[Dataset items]

::::

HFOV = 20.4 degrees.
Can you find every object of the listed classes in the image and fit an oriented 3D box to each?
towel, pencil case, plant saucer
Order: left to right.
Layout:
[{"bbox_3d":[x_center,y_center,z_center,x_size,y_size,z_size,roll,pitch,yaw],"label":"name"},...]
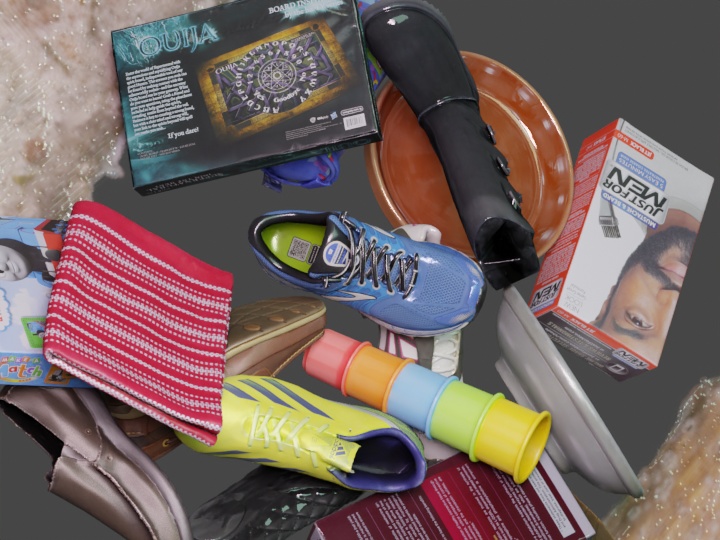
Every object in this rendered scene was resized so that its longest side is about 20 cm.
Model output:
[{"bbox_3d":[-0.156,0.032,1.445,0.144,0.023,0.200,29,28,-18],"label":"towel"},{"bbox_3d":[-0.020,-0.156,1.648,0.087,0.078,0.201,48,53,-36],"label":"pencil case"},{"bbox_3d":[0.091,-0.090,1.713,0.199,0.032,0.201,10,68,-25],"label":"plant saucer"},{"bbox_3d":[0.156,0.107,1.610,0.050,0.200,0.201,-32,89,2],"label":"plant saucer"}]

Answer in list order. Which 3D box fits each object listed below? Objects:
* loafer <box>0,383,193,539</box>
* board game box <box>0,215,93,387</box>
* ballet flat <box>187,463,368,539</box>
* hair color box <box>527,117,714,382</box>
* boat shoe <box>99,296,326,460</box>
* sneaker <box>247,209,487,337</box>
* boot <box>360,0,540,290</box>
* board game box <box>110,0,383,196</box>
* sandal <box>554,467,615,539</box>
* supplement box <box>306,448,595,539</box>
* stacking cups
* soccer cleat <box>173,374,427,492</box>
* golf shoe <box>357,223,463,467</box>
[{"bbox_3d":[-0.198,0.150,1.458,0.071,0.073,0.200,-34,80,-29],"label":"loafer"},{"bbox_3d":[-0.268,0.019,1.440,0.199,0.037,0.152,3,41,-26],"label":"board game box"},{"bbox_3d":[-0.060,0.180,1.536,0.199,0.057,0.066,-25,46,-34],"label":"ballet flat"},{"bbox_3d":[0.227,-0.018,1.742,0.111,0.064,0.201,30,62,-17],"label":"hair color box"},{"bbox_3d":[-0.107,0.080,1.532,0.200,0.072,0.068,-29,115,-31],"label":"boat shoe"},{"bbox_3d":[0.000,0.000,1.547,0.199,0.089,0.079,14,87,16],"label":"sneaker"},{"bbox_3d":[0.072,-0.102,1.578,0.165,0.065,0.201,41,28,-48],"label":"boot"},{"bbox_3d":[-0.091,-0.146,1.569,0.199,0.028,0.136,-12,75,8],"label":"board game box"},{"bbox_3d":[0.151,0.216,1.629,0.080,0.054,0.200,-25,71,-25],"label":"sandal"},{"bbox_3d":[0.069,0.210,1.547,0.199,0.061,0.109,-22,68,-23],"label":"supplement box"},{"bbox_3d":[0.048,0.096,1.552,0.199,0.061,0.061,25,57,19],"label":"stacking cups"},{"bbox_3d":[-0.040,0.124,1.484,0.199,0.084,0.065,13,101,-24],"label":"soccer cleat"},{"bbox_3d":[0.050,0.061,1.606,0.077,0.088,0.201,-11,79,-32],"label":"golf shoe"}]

::::

* _YOUR INSTRUCTIONS_:
Quote every entry exactly, with the pictures omitted.

* _TASK SOLUTION_:
HFOV = 20.4 degrees.
Can you find every object of the listed classes in the image and fit an oriented 3D box to each?
towel, pencil case, plant saucer
Order: left to right.
Layout:
[{"bbox_3d":[x_center,y_center,z_center,x_size,y_size,z_size,roll,pitch,yaw],"label":"name"},...]
Every object in this rendered scene was resized so that its longest side is about 20 cm.
Model output:
[{"bbox_3d":[-0.156,0.032,1.445,0.144,0.023,0.200,29,28,-18],"label":"towel"},{"bbox_3d":[-0.020,-0.156,1.648,0.087,0.078,0.201,48,53,-36],"label":"pencil case"},{"bbox_3d":[0.091,-0.090,1.713,0.199,0.032,0.201,10,68,-25],"label":"plant saucer"},{"bbox_3d":[0.156,0.107,1.610,0.050,0.200,0.201,-32,89,2],"label":"plant saucer"}]

Answer in list order. Which 3D box fits each object listed below? Objects:
* loafer <box>0,383,193,539</box>
* board game box <box>0,215,93,387</box>
* ballet flat <box>187,463,368,539</box>
* hair color box <box>527,117,714,382</box>
* boat shoe <box>99,296,326,460</box>
* sneaker <box>247,209,487,337</box>
* boot <box>360,0,540,290</box>
* board game box <box>110,0,383,196</box>
* sandal <box>554,467,615,539</box>
* supplement box <box>306,448,595,539</box>
* stacking cups
* soccer cleat <box>173,374,427,492</box>
* golf shoe <box>357,223,463,467</box>
[{"bbox_3d":[-0.198,0.150,1.458,0.071,0.073,0.200,-34,80,-29],"label":"loafer"},{"bbox_3d":[-0.268,0.019,1.440,0.199,0.037,0.152,3,41,-26],"label":"board game box"},{"bbox_3d":[-0.060,0.180,1.536,0.199,0.057,0.066,-25,46,-34],"label":"ballet flat"},{"bbox_3d":[0.227,-0.018,1.742,0.111,0.064,0.201,30,62,-17],"label":"hair color box"},{"bbox_3d":[-0.107,0.080,1.532,0.200,0.072,0.068,-29,115,-31],"label":"boat shoe"},{"bbox_3d":[0.000,0.000,1.547,0.199,0.089,0.079,14,87,16],"label":"sneaker"},{"bbox_3d":[0.072,-0.102,1.578,0.165,0.065,0.201,41,28,-48],"label":"boot"},{"bbox_3d":[-0.091,-0.146,1.569,0.199,0.028,0.136,-12,75,8],"label":"board game box"},{"bbox_3d":[0.151,0.216,1.629,0.080,0.054,0.200,-25,71,-25],"label":"sandal"},{"bbox_3d":[0.069,0.210,1.547,0.199,0.061,0.109,-22,68,-23],"label":"supplement box"},{"bbox_3d":[0.048,0.096,1.552,0.199,0.061,0.061,25,57,19],"label":"stacking cups"},{"bbox_3d":[-0.040,0.124,1.484,0.199,0.084,0.065,13,101,-24],"label":"soccer cleat"},{"bbox_3d":[0.050,0.061,1.606,0.077,0.088,0.201,-11,79,-32],"label":"golf shoe"}]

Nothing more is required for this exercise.